Writing in the Herald, Brian Rudman puts his finger on the problem with housing policy:
In present-day New Zealand, instead of helping voters become property owners, MPs seem more skilled in amassing property portfolios for themselves. When you exclude the seven who own no property and the 34 who have just one each, the remaining 80 average more than three each. And that's excluding shareholdings in assorted Maori blocks. Among the haul are 60 investment or commercial properties, 17 lots of "bare land" and more than 170 houses, flats, holiday homes and "residential".
Could it be that as landlords and "investors", rather than renters, there's an understandable reluctance among MPs to bring the Wild West that is the residential renting market under control.
Dr Smith lists only a residential property, Mr English a family home and a farm, Mr Key a family home, a Huapai office, a London apartment and holiday homes in Omaha and Hawaii.
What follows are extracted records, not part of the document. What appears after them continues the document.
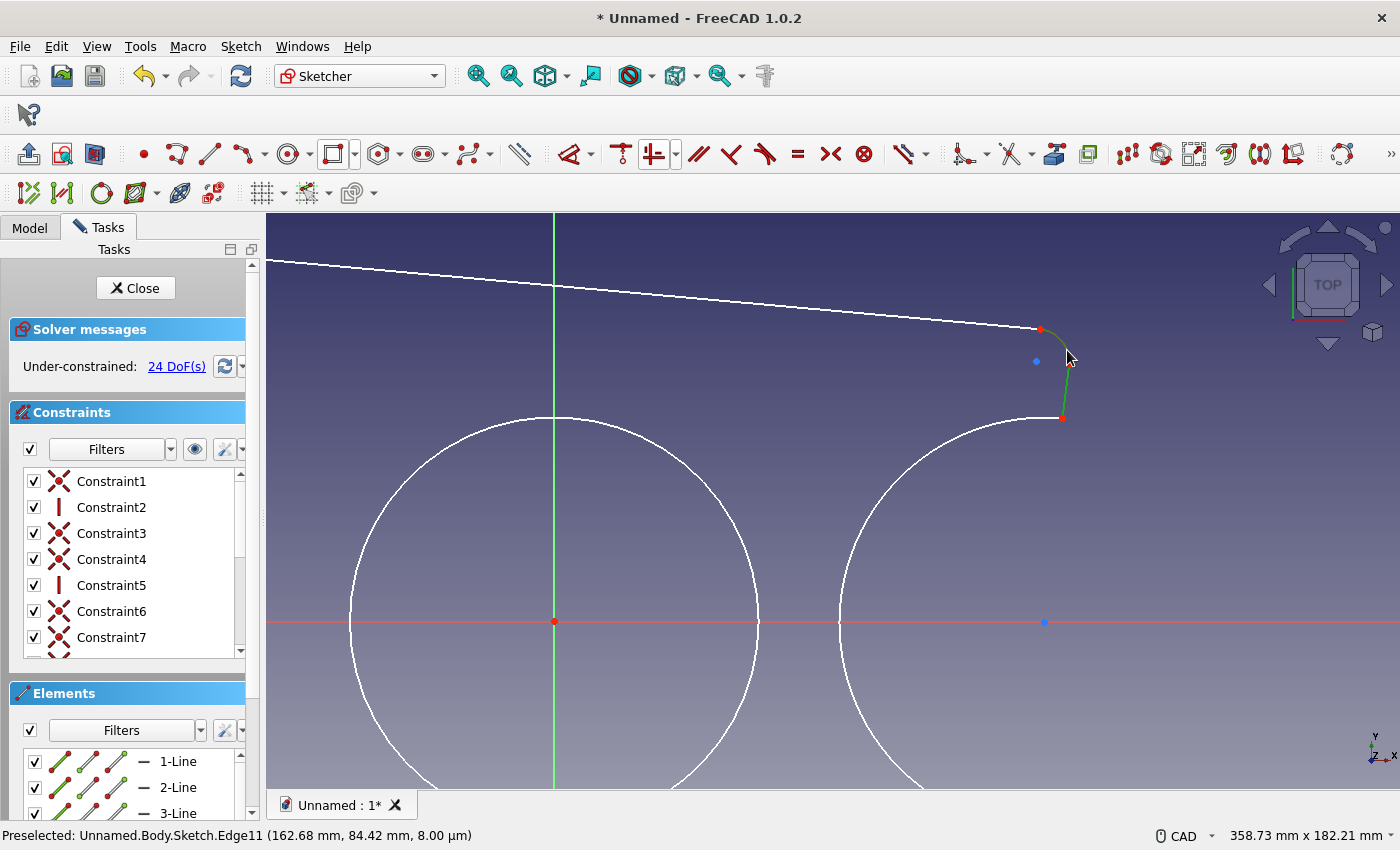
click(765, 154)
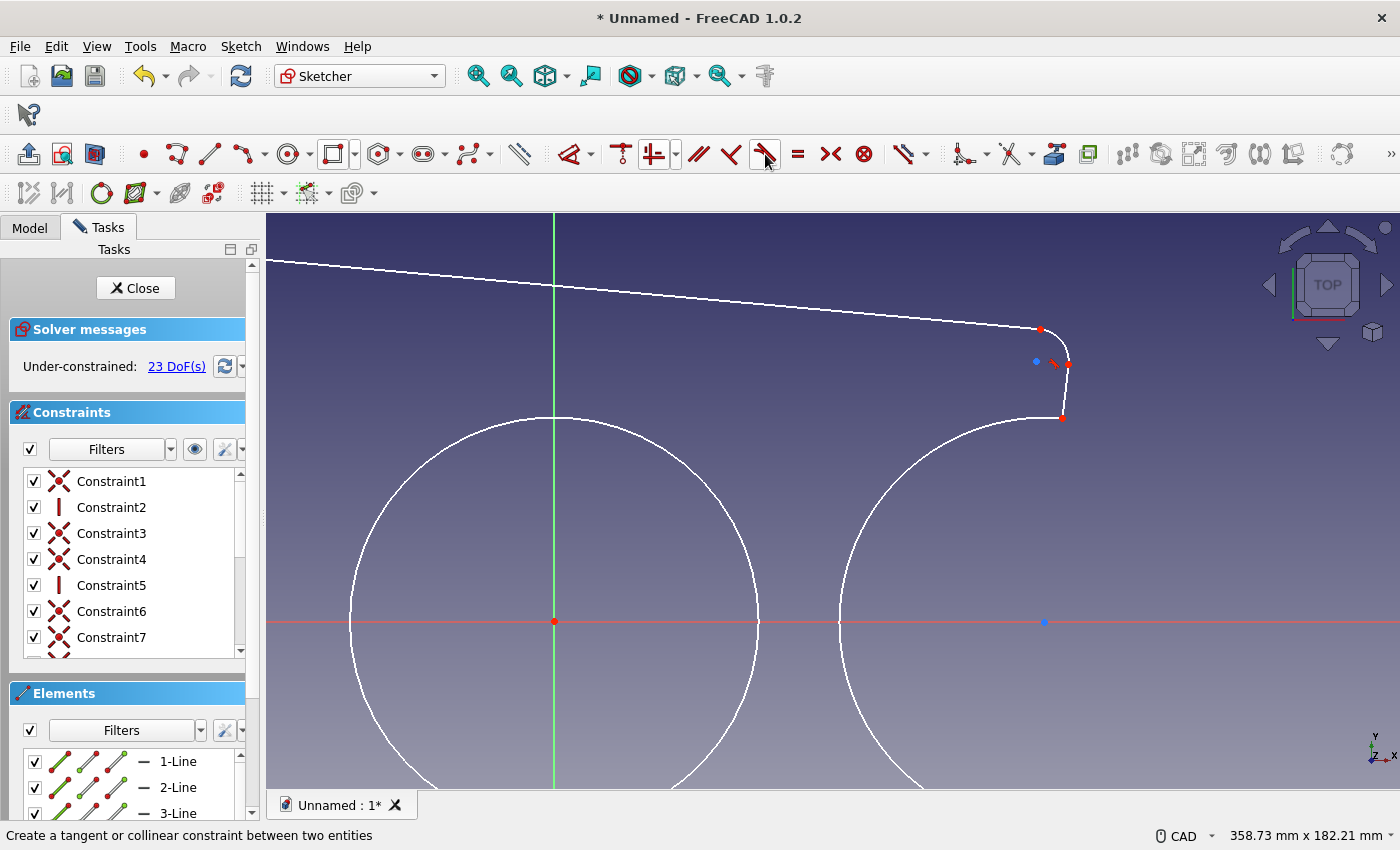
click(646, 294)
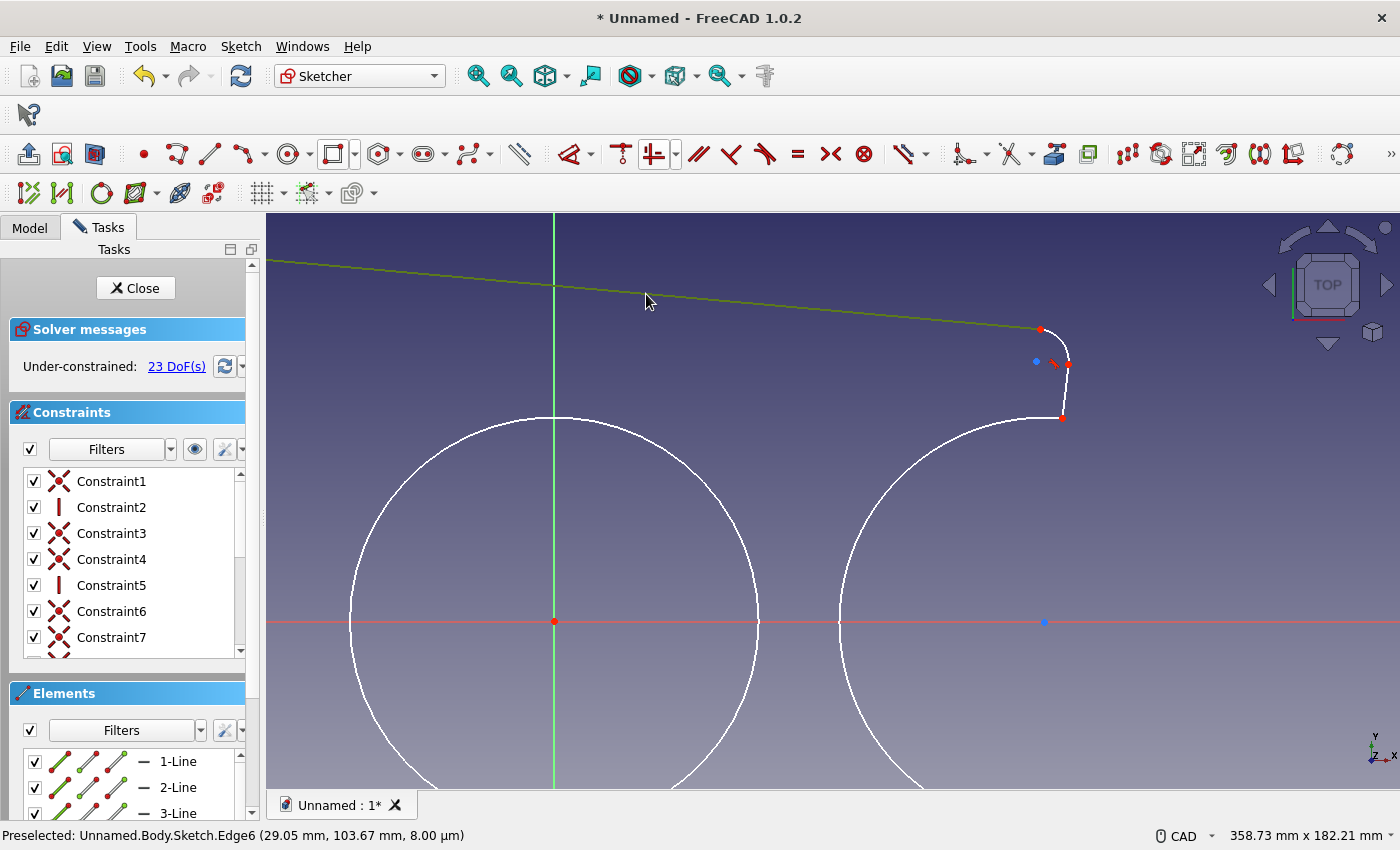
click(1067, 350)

So none would be personally affected by a warrant of fitness, either as landlord or tenant.
However, as a group, fewer than 6 per cent of MPs are non-home owners, compared to 35 per cent of all households. Is it any wonder that while they mouth support for minimum standards on rental housing, the landlord in most of them ensures the Emma-Lita Bournes continue to suffer.
And its worth noting that those multiple property-owners are overwhelmingly National MPs - the same people making decisions about standards for their rental homes. Its a huge conflict of interest, but it reveals a bigger problem: our MPs are no longer representative of us. They don't live the same sorts of lives as us, they don't face the same sorts of problems. They live in a completely different world. And its no wonder then that they ignore the real problems that ordinary kiwis face - because the closest most of them ever come to those problems is across an electorate office desk.